The other aspects of a handmade suit are attractive features like beautiful hand-sewn buttonholes, and the sometimes-visible stitching around the lapels and pockets. These, however, are just signs that your suit has been hand-sewn and, especially the lapel-stitching, are increasingly replicated on very poor suits. The hand-stitched canvas, however, directly contributes to the fit and quality of your suit, and is a good and easily-ignored reason to sometimes pay the extra for proper bespoke.

Incidentally, all of the above is easily ruined by thoughtless dry-cleaners who press the suit flat, so it's worth taking your bespoke suits somewhere that knows what they're doing.

Monday, 9 September 2013


Last week I was invited to the launch part of ShirtSmart, a new service being launched by Barrington Ayre, a well-respect Cotswolds-based tailor who previously provided me with one of his beautiful pairs of tweed house-shoes. Aside from enjoying the surroundings of the Century Club on Shaftesbury avenue to which, alas, I no longer have access since they fell out with the Rushmore Group, it was fascinating to talk to Tom about his latest project, and what his plans are.

The service, which is now live, neatly appeals to men who wear shirts regularly and need a certain number a year, often ordering the same selection. It allows you to set up your basic order of 5, 12 or 25 shirts per year and then have them repeat for a monthly or annual fee. Perhaps more importantly, though, these will be custom-made, by hand, based on your individual measurements and with a wide array of options over collar, cuffs, fabrics and other options such as the button colour and even the colour of the buttonhole thread.

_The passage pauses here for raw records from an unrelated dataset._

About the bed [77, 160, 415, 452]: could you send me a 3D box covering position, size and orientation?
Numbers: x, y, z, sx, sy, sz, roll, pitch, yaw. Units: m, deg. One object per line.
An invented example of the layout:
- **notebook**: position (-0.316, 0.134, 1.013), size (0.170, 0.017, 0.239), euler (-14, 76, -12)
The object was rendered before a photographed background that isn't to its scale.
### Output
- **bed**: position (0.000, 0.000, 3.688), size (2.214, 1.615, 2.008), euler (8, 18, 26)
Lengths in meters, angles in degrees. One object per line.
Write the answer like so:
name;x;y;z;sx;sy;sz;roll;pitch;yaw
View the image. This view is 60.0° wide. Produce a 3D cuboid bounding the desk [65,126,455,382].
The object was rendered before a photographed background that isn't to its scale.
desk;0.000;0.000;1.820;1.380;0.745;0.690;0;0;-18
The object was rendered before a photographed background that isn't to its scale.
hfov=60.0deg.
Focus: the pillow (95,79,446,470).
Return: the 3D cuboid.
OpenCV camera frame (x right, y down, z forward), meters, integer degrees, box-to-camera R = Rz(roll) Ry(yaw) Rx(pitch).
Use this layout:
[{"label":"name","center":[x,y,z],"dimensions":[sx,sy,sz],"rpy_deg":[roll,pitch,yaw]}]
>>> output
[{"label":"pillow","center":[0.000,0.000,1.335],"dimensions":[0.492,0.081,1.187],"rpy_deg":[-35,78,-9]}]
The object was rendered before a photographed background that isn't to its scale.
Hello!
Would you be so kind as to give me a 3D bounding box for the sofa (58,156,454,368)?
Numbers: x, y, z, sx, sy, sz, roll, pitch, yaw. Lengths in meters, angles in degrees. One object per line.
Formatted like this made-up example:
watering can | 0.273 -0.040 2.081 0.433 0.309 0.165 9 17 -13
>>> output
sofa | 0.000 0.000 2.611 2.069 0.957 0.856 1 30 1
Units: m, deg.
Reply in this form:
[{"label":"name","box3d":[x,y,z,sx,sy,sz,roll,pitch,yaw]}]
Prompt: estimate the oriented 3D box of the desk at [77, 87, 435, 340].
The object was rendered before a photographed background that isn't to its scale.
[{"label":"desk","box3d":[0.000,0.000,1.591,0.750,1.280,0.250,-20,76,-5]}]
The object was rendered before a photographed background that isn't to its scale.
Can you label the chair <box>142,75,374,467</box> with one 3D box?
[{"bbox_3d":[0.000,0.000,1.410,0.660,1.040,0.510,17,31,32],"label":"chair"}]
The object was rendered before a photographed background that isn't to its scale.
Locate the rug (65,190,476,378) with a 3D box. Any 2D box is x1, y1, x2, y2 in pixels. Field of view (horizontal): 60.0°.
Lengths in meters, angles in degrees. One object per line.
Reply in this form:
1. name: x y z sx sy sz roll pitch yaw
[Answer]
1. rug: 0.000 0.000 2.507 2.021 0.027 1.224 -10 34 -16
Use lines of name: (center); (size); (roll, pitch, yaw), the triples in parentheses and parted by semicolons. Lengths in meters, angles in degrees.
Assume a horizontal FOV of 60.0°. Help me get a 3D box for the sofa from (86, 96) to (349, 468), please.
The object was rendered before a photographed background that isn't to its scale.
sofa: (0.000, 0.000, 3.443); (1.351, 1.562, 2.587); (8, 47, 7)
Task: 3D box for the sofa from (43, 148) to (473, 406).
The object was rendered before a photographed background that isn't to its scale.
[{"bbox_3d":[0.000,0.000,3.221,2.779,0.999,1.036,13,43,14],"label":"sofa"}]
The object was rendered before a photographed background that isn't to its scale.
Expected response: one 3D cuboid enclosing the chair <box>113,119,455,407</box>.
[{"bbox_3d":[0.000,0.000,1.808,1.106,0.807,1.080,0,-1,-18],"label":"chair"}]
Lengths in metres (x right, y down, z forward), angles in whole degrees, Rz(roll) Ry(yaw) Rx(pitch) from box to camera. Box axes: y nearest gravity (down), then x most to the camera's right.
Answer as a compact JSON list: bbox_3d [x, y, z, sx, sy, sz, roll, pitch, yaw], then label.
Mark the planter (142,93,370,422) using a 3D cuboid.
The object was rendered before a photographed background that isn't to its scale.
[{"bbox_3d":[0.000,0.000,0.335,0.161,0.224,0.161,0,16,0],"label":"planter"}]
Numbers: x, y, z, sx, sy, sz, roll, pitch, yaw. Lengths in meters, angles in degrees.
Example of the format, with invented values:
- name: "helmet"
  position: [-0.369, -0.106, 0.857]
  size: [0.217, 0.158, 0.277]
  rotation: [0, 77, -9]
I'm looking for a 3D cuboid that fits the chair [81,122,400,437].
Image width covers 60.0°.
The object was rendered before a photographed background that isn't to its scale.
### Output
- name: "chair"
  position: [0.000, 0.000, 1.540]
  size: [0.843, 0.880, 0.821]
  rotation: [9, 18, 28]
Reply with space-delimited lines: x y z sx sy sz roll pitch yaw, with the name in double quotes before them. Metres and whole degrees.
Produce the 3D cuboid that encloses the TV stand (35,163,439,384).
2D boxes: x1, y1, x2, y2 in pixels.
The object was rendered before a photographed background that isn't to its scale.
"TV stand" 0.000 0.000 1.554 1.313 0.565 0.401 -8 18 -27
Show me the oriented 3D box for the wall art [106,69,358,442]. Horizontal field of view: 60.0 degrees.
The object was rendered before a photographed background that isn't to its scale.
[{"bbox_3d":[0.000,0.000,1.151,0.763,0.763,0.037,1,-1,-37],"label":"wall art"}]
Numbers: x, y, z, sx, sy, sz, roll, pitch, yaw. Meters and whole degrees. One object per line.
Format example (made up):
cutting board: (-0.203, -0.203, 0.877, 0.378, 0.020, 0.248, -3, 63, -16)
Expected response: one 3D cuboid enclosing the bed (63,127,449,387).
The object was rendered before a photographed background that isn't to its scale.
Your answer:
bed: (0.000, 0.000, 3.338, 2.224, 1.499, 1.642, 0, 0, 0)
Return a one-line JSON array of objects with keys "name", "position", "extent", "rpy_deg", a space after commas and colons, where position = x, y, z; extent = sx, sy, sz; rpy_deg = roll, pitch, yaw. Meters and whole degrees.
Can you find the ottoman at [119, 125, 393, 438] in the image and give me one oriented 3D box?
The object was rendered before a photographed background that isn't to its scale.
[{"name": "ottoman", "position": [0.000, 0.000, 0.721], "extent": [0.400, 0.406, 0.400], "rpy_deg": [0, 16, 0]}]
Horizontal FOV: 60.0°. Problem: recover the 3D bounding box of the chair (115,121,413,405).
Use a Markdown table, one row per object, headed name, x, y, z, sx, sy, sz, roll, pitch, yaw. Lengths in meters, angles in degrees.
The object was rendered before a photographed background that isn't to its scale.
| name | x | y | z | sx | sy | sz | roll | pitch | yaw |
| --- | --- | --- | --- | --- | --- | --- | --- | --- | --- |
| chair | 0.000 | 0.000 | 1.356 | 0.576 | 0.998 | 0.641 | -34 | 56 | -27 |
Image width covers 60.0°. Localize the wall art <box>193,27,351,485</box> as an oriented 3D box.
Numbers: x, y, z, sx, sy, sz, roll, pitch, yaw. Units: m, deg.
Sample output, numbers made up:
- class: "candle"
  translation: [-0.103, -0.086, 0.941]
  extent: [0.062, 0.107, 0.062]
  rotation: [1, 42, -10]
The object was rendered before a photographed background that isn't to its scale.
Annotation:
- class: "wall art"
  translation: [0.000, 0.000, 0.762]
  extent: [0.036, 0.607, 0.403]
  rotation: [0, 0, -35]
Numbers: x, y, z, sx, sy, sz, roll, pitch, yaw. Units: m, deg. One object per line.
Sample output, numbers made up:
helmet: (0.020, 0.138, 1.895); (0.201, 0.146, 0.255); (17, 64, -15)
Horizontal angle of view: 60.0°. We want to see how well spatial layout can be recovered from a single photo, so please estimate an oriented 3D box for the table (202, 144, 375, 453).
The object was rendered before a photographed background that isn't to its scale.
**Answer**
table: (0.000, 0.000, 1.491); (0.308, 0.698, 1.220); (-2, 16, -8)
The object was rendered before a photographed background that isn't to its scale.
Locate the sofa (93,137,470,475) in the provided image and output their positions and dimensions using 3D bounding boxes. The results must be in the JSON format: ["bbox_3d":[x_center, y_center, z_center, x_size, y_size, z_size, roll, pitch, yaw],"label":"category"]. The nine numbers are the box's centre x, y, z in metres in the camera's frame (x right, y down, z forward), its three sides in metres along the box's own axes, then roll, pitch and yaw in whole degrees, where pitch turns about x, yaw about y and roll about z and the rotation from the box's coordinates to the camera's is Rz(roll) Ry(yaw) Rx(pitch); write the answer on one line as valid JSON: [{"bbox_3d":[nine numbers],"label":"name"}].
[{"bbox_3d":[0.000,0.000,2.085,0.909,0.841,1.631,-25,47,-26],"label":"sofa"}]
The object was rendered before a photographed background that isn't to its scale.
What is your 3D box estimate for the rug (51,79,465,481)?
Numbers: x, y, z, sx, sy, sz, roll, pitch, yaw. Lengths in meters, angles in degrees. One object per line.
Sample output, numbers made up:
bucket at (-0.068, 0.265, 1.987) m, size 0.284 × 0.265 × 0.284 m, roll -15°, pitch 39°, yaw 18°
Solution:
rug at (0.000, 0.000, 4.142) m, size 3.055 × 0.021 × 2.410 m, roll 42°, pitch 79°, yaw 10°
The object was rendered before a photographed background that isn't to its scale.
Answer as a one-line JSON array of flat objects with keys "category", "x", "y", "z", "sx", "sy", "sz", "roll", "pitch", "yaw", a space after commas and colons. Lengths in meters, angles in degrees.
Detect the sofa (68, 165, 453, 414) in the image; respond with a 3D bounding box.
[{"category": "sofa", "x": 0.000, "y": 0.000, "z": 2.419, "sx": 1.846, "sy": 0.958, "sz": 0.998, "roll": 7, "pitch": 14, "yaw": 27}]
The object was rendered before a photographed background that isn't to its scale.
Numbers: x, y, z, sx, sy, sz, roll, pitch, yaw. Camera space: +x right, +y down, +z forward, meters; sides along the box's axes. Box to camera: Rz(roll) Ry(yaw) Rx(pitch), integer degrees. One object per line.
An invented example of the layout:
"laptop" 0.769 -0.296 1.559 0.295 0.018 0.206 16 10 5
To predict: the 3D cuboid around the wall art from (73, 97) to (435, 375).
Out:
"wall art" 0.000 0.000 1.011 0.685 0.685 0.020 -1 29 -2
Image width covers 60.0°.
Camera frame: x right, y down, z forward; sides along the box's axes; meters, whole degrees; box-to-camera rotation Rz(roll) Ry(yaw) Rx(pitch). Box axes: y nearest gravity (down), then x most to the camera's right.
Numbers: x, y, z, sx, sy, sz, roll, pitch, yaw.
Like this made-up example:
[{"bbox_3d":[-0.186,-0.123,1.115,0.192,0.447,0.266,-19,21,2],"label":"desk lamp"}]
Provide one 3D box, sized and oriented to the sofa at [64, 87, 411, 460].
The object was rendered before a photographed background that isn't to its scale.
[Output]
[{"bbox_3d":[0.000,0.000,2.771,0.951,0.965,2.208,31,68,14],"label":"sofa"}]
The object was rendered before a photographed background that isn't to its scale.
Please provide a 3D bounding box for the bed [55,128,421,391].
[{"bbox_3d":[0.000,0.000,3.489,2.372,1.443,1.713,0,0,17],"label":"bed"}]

As Tom says, it's very difficult with a shirt to get a good fit off the shelf, and inevitably you seem to end up compromising on something. The fact that so many retailers size purely by collar-size (which is pretty much non-negotiable - it has to be right) means that it's very easy to end up with sleeves too long or too short, especially if you want just the right amount of cuff to show under a suit, or a body that is big and billowy. Just having the basic measurements added can remove a lot of these issues and result in a far, far better shirt. In addition, it's always nice to be able to choose all the elements, since I seem to spend an unnecessary amount of time debating whether to buy the slim-fit shirt in the lovely fabric but the collar that's not quite as cutaway as I like, or the shirt with a fabric I didn't really want but the collar that I prefer. A service like ShirtSmart means you can get exactly what you want, and then continue getting it at regular intervals for as long as you need.

Of course, the measurements have to be right and it does rely to a large extent on your own measurements, although ShirtSmart do have their travelling 'shirtettes' who can take measurements when they're in your area. Either way, when the first shirt arrives you can make as many adjustments as you need and then have them applied to all future shirts, so in the end it shouldn't be hard to get a perfect fit.

From the samples at the event, the quality seemed excellent although I haven't yet had an opportunity to try it myself, and some of the customers were wearing other Barrington Ayre shirts which looked beautiful so he certainly has the skill and experience to make this work. Of course, it may not appeal to people who like popping into their shirtmaker a couple of times a year to be talked into some new fabric or to be remeasured to take account of any physical changes over the Christmas period, but it's clearly excellent for people who are increasingly used to being able to order online and still get top-quality service. It definitely has the potential to take a lot of the hassle out of maintaining a decent wardrobe of well-fitting shirts for wearing every day.